農業法人化のメリット②では、地域農業としてのメリットと制度面でのメリットを紹介します。
2、地域農業としてのメリット
新規就農の受け皿
・農業法人に就農することにより、初期負担なく経営能力、農業技術を習得
「新規就農者は、農業をやったことがないため当然経営能力や農業技術を持っていない。また、個人で初めから農業を行うには農業機械などの購入費用も必要になる。このため、新規就農者向けの支援制度はあるものの相当の覚悟が必要になる。一方、農業法人に新規参入すれば、日々の農作業の中で農業技術の習得や法人所有の機械で機械の取扱技術の習得も可能である。それも初期投資はなく、逆に安定した収入も期待できる。
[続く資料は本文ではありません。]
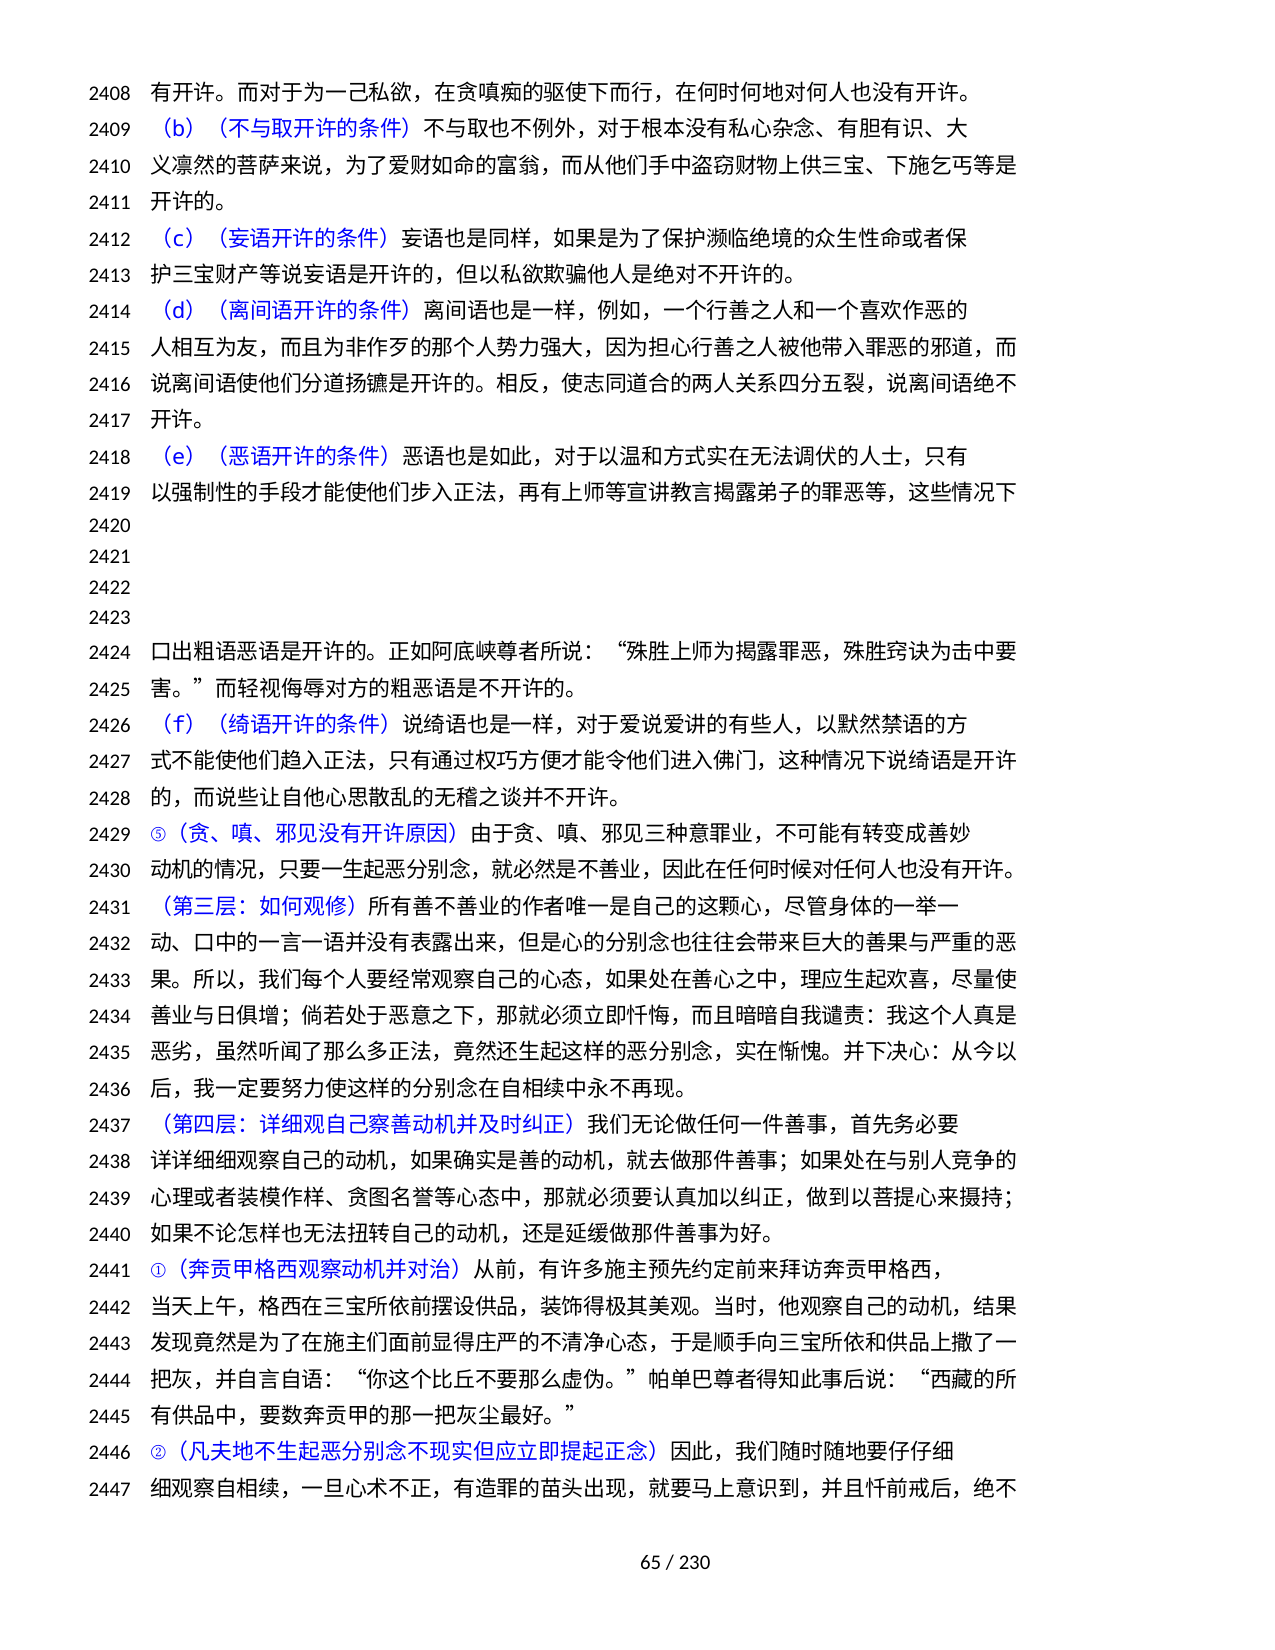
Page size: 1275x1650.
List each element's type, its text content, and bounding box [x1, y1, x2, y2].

text 如果不论怎样也无法扭转自己的动机，还是延缓做那件善事为好。 [150, 1216, 1200, 1248]
text （第四层：详细观自己察善动机并及时纠正）我们无论做任何一件善事，首先务必要 [150, 1107, 1200, 1139]
text 有开许。而对于为一己私欲，在贪嗔痴的驱使下而行，在何时何地对何人也没有开许。 [150, 75, 1200, 107]
text ①（奔贡甲格西观察动机并对治）从前，有许多施主预先约定前来拜访奔贡甲格西， [150, 1252, 1200, 1284]
text 的，而说些让自他心思散乱的无稽之谈并不开许。 [150, 780, 1200, 811]
text （f）（绮语开许的条件）说绮语也是一样，对于爱说爱讲的有些人，以默然禁语的方 [150, 707, 1200, 739]
text 说离间语使他们分道扬镳是开许的。相反，使志同道合的两人关系四分五裂，说离间语绝不 [150, 366, 1200, 398]
text 有供品中，要数奔贡甲的那一把灰尘最好。” [150, 1398, 1200, 1429]
text （d）（离间语开许的条件）离间语也是一样，例如，一个行善之人和一个喜欢作恶的 [150, 293, 1200, 325]
text 动机的情况，只要一生起恶分别念，就必然是不善业，因此在任何时候对任何人也没有开许。 [150, 852, 1200, 884]
text ②（凡夫地不生起恶分别念不现实但应立即提起正念）因此，我们随时随地要仔仔细 [150, 1434, 1200, 1466]
text （e）（恶语开许的条件）恶语也是如此，对于以温和方式实在无法调伏的人士，只有 [150, 439, 1200, 471]
text 开许。 [150, 402, 1200, 434]
text ⑤（贪、嗔、邪见没有开许原因）由于贪、嗔、邪见三种意罪业，不可能有转变成善妙 [150, 816, 1200, 848]
text 害。”而轻视侮辱对方的粗恶语是不开许的。 [150, 671, 1200, 702]
text 人相互为友，而且为非作歹的那个人势力强大，因为担心行善之人被他带入罪恶的邪道，而 [150, 330, 1200, 361]
text 细观察自相续，一旦心术不正，有造罪的苗头出现，就要马上意识到，并且忏前戒后，绝不 [150, 1471, 1200, 1502]
text 护三宝财产等说妄语是开许的，但以私欲欺骗他人是绝对不开许的。 [150, 257, 1200, 289]
text （b）（不与取开许的条件）不与取也不例外，对于根本没有私心杂念、有胆有识、大 [150, 111, 1200, 143]
text 善业与日俱增；倘若处于恶意之下，那就必须立即忏悔，而且暗暗自我谴责：我这个人真是 [150, 998, 1200, 1029]
text 发现竟然是为了在施主们面前显得庄严的不清净心态，于是顺手向三宝所依和供品上撒了一 [150, 1325, 1200, 1357]
text 义凛然的菩萨来说，为了爱财如命的富翁，而从他们手中盗窃财物上供三宝、下施乞丐等是 [150, 148, 1200, 179]
text 恶劣，虽然听闻了那么多正法，竟然还生起这样的恶分别念，实在惭愧。并下决心：从今以 [150, 1034, 1200, 1066]
text 以强制性的手段才能使他们步入正法，再有上师等宣讲教言揭露弟子的罪恶等，这些情况下 [150, 475, 1200, 507]
text 动、口中的一言一语并没有表露出来，但是心的分别念也往往会带来巨大的善果与严重的恶 [150, 925, 1200, 957]
text 心理或者装模作样、贪图名誉等心态中，那就必须要认真加以纠正，做到以菩提心来摄持； [150, 1180, 1200, 1211]
text （c）（妄语开许的条件）妄语也是同样，如果是为了保护濒临绝境的众生性命或者保 [150, 221, 1200, 252]
text 后，我一定要努力使这样的分别念在自相续中永不再现。 [150, 1071, 1200, 1102]
text 口出粗语恶语是开许的。正如阿底峡尊者所说：“殊胜上师为揭露罪恶，殊胜窍诀为击中要 [150, 634, 1200, 666]
text 把灰，并自言自语：“你这个比丘不要那么虚伪。”帕单巴尊者得知此事后说：“西藏的所 [150, 1362, 1200, 1393]
text 详详细细观察自己的动机，如果确实是善的动机，就去做那件善事；如果处在与别人竞争的 [150, 1143, 1200, 1175]
text 果。所以，我们每个人要经常观察自己的心态，如果处在善心之中，理应生起欢喜，尽量使 [150, 962, 1200, 993]
text 式不能使他们趋入正法，只有通过权巧方便才能令他们进入佛门，这种情况下说绮语是开许 [150, 743, 1200, 775]
text 当天上午，格西在三宝所依前摆设供品，装饰得极其美观。当时，他观察自己的动机，结果 [150, 1289, 1200, 1321]
text 开许的。 [150, 184, 1200, 216]
text （第三层：如何观修）所有善不善业的作者唯一是自己的这颗心，尽管身体的一举一 [150, 889, 1200, 921]

農業技術など習得後に自ら農業法人経営も可能であり、そういったケースも少なくない。」
3、制度面でのメリット
税制
・役員報酬を給与所得とすることによる節税
(役員報酬は法人税において損金算入が可能。また、所得税において役員が受け取った報酬は給与所得控除の対象となる。)
「個人の農業経営の場合の所得は、農産物の販売額やその他の収入金額から、農業生産・販売に係る必要経費を差引いた額。農業法人の所得は、収入金額から農産物の生産・販売などに係る必要経費と役員報酬を差引いた額になります。よって、農業法人の場合、必要経費+役員報酬も差引くことができるので個人経営より農業法人の方が税の面で有利である。」
・欠損金の10年間繰越控除(青色申告をしている個人事業主は3年間)
融資限度額の拡大
・農業経営基盤強化資金(スーパーL資金)の貸付限度額
〇個人3億円(複数部門経営は6億円)
〇法人10億円(民間金融機関との協調融資の状況に応じ30億円)
「スーパーL資金は、個人、農業法人の認定農業者に対して日本政策金融公庫が融資する規模拡大やその他の農業経営改善を図る目的の制度資金である。農業法人の場合は、貸付限度額が個人に比べて3倍以上であり、農業法人には優遇された制度である。」